BEGIN

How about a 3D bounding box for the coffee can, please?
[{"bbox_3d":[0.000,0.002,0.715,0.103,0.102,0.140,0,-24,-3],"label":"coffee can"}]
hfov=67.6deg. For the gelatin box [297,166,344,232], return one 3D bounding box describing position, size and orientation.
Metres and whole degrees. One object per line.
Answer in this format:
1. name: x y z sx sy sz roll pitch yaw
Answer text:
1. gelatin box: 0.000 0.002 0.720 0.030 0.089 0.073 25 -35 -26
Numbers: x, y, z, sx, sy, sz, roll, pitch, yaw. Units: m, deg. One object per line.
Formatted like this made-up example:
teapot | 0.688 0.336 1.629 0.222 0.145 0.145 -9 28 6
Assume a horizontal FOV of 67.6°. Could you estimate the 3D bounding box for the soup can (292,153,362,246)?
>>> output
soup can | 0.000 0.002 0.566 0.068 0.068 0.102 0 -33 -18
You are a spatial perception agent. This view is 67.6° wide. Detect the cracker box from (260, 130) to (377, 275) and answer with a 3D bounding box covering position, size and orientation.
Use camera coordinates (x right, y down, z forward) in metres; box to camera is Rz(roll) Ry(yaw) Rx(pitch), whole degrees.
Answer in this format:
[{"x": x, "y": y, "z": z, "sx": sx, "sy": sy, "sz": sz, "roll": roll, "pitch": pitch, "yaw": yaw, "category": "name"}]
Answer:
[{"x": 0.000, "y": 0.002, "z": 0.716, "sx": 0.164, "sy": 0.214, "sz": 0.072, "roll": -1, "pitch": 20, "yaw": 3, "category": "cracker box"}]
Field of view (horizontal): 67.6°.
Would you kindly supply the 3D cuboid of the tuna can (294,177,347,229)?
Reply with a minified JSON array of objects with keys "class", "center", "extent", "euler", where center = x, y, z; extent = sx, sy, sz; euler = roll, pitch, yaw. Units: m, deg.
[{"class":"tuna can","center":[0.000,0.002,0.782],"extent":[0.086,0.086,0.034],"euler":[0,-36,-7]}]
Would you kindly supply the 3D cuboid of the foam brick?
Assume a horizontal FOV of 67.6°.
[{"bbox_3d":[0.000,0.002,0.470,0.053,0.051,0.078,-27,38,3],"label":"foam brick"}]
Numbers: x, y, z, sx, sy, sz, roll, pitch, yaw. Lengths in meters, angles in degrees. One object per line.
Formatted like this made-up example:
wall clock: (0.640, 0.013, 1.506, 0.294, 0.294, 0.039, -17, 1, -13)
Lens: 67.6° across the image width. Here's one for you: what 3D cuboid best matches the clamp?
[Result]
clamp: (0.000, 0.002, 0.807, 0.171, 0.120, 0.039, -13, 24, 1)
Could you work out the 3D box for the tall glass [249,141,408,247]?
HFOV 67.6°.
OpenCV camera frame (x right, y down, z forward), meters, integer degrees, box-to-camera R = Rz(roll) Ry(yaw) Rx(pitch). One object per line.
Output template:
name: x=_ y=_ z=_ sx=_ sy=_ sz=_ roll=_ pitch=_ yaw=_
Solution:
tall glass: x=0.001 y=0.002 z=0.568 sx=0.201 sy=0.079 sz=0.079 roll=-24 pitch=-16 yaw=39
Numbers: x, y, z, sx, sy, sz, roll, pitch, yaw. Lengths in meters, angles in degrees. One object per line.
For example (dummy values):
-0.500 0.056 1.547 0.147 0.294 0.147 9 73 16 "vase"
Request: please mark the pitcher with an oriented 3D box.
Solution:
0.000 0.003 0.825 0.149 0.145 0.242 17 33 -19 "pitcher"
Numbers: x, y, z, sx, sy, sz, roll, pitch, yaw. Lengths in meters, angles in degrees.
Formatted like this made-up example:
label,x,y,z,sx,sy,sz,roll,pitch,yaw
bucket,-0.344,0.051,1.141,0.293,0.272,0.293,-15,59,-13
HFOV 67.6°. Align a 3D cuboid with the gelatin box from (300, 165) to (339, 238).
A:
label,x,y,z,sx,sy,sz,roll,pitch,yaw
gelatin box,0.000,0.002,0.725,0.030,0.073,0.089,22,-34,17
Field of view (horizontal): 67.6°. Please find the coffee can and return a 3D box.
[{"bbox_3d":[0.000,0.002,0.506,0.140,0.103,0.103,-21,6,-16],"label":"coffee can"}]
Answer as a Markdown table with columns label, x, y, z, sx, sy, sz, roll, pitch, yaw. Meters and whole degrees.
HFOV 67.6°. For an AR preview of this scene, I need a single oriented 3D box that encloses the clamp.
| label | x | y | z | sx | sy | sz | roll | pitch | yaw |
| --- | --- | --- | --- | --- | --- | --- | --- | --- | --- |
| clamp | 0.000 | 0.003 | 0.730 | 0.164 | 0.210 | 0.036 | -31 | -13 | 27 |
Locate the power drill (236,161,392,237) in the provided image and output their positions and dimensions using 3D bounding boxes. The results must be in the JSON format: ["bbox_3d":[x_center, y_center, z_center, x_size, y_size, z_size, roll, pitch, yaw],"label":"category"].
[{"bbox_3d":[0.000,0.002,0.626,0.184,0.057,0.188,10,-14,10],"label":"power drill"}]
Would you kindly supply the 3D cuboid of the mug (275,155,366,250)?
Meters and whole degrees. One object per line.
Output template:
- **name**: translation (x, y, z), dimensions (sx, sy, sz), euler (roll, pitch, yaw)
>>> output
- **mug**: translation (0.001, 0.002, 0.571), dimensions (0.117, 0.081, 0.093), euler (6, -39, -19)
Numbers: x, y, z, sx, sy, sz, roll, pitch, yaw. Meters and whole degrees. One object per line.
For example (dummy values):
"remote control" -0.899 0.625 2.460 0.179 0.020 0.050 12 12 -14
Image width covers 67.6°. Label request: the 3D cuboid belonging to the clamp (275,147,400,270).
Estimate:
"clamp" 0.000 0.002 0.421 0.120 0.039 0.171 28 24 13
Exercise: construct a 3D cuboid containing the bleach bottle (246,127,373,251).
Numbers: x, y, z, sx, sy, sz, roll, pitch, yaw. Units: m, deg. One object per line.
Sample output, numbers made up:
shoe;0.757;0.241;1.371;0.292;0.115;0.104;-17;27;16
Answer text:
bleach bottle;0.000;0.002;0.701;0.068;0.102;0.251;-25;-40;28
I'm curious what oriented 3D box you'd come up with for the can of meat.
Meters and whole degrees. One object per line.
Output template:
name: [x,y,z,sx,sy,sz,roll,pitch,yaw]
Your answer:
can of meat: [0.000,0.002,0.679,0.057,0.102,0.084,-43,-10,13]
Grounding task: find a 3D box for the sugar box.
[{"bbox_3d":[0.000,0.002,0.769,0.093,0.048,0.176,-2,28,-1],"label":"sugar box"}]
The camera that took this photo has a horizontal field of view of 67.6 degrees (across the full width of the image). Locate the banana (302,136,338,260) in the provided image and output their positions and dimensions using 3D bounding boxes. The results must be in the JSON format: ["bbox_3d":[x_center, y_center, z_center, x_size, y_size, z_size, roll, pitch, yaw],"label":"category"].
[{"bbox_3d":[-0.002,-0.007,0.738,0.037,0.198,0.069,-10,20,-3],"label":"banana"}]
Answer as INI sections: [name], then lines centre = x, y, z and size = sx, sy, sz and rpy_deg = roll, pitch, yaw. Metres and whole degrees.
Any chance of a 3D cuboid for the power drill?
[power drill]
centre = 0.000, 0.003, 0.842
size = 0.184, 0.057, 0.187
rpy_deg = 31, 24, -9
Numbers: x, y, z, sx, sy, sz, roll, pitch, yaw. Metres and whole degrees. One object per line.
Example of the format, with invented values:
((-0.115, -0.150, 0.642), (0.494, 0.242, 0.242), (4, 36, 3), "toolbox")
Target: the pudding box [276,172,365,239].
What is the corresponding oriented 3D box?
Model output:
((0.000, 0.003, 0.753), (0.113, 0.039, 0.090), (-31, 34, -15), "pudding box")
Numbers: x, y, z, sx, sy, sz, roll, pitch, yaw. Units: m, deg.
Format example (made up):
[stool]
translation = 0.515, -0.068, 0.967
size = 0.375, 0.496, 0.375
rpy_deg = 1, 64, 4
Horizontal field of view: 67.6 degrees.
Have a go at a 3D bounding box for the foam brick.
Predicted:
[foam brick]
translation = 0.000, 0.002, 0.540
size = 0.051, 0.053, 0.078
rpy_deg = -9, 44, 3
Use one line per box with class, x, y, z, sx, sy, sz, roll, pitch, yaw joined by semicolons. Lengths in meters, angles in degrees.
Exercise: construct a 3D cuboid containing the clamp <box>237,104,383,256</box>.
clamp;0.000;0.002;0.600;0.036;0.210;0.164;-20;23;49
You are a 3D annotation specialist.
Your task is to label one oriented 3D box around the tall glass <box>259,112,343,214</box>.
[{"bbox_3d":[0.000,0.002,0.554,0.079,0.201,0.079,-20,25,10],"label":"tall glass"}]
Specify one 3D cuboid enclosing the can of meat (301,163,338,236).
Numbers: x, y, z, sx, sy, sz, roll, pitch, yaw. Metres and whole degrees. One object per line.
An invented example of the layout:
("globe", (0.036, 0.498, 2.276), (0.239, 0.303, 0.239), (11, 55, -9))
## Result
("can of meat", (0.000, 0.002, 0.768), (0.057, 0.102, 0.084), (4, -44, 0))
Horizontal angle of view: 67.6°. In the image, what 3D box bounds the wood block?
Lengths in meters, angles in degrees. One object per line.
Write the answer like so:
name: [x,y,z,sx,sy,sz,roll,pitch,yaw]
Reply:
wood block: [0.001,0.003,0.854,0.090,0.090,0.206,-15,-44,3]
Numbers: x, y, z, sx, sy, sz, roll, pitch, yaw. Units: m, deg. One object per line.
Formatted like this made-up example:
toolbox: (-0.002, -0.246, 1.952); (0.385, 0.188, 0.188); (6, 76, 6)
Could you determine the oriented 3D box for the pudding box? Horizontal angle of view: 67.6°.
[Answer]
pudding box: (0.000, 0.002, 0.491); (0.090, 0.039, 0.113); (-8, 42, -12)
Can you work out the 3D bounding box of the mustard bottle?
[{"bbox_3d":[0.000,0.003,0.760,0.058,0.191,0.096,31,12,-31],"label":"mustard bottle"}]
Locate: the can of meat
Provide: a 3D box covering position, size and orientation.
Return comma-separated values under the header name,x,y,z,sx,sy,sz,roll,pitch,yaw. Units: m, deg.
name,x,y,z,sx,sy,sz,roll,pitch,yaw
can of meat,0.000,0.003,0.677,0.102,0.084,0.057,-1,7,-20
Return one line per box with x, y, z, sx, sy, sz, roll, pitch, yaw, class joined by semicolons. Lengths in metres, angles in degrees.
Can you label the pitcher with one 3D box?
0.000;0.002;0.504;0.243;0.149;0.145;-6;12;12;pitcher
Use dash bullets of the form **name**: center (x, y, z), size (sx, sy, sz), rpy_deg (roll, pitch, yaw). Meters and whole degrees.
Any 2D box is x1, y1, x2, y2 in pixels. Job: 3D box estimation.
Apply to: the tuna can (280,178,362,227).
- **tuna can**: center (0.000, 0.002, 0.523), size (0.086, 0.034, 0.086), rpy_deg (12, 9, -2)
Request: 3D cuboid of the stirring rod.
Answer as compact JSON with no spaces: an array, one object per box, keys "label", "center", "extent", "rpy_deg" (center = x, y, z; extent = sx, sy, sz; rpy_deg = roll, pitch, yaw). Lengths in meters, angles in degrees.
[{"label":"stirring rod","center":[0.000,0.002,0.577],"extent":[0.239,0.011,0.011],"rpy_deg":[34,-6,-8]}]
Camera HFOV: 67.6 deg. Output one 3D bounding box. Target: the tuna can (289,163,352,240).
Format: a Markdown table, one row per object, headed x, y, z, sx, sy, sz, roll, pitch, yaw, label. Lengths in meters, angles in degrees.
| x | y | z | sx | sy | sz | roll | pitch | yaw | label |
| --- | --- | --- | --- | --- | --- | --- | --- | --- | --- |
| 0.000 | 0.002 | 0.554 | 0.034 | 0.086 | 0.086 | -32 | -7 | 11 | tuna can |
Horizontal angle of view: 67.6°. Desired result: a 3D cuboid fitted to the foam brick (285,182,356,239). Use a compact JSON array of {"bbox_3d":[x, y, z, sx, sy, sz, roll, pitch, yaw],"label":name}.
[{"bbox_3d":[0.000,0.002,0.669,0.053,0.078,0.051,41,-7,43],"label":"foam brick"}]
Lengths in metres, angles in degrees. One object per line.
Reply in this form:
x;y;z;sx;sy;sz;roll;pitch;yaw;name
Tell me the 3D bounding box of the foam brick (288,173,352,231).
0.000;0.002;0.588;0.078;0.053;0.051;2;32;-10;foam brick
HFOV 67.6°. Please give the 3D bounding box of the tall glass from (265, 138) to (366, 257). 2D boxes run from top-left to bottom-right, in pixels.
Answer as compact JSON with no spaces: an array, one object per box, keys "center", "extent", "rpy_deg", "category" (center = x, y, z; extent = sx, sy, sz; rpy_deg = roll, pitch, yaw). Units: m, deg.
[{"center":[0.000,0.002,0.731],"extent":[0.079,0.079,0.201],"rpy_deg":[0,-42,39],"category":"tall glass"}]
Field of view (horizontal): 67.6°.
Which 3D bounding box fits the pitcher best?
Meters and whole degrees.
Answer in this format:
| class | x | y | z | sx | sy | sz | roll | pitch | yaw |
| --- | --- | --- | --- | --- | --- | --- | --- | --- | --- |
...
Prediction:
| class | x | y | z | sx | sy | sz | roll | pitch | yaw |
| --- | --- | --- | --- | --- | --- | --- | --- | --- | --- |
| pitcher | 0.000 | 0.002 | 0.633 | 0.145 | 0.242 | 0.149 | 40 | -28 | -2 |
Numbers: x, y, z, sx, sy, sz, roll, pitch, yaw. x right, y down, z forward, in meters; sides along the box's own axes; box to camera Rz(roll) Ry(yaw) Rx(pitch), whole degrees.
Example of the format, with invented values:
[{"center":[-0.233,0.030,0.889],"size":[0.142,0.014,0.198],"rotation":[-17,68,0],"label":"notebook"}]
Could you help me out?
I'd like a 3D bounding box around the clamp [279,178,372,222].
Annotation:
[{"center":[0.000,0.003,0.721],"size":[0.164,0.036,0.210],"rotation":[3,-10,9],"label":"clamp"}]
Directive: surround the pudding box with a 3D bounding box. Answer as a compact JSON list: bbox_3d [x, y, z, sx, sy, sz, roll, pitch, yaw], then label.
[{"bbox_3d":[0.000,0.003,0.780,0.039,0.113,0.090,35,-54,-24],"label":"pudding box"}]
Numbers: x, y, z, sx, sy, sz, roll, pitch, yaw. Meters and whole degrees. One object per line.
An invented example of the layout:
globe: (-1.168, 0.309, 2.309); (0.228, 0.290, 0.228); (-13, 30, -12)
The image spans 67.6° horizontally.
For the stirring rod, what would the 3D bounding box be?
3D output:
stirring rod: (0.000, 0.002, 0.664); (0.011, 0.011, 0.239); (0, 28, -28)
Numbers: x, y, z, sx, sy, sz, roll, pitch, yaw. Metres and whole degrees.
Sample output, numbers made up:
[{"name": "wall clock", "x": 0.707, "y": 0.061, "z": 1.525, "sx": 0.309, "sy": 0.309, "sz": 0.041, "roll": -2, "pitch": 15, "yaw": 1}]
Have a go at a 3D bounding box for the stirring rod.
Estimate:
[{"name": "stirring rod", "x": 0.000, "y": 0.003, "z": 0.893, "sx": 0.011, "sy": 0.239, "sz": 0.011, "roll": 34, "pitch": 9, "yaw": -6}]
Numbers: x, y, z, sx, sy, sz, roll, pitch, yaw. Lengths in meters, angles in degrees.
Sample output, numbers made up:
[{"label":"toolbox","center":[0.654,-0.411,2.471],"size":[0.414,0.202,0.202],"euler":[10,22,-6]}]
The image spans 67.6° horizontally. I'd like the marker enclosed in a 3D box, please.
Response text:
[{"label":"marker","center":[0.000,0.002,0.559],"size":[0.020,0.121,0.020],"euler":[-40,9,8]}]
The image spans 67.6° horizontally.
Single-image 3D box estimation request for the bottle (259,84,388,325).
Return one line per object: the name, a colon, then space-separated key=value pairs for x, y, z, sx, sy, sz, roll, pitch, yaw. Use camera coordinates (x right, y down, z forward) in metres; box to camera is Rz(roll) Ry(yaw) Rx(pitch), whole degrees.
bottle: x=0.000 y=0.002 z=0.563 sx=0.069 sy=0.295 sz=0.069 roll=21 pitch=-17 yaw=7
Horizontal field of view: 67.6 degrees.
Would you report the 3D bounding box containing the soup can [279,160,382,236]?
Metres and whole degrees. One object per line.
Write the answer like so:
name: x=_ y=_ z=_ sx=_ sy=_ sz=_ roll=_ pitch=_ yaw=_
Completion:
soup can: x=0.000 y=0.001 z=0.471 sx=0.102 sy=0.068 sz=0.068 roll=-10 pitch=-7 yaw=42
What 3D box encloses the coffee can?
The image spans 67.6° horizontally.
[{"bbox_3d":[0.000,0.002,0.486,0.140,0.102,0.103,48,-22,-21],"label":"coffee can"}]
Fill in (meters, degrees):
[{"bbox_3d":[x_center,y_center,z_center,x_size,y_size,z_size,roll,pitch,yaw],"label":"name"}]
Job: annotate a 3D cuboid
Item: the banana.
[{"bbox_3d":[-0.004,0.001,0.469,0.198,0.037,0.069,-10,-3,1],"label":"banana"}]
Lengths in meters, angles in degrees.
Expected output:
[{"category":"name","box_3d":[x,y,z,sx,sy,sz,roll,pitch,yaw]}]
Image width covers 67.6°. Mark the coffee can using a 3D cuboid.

END

From the top of the material above, please transcribe each line exactly. Include the line with "You are a spatial" and end there.

How about a 3D bounding box for the coffee can, please?
[{"bbox_3d":[0.000,0.002,0.715,0.103,0.102,0.140,0,-24,-3],"label":"coffee can"}]
hfov=67.6deg. For the gelatin box [297,166,344,232], return one 3D bounding box describing position, size and orientation.
Metres and whole degrees. One object per line.
Answer in this format:
1. name: x y z sx sy sz roll pitch yaw
Answer text:
1. gelatin box: 0.000 0.002 0.720 0.030 0.089 0.073 25 -35 -26
Numbers: x, y, z, sx, sy, sz, roll, pitch, yaw. Units: m, deg. One object per line.
Formatted like this made-up example:
teapot | 0.688 0.336 1.629 0.222 0.145 0.145 -9 28 6
Assume a horizontal FOV of 67.6°. Could you estimate the 3D bounding box for the soup can (292,153,362,246)?
>>> output
soup can | 0.000 0.002 0.566 0.068 0.068 0.102 0 -33 -18
You are a spatial perception agent. This view is 67.6° wide. Detect the cracker box from (260, 130) to (377, 275) and answer with a 3D bounding box covering position, size and orientation.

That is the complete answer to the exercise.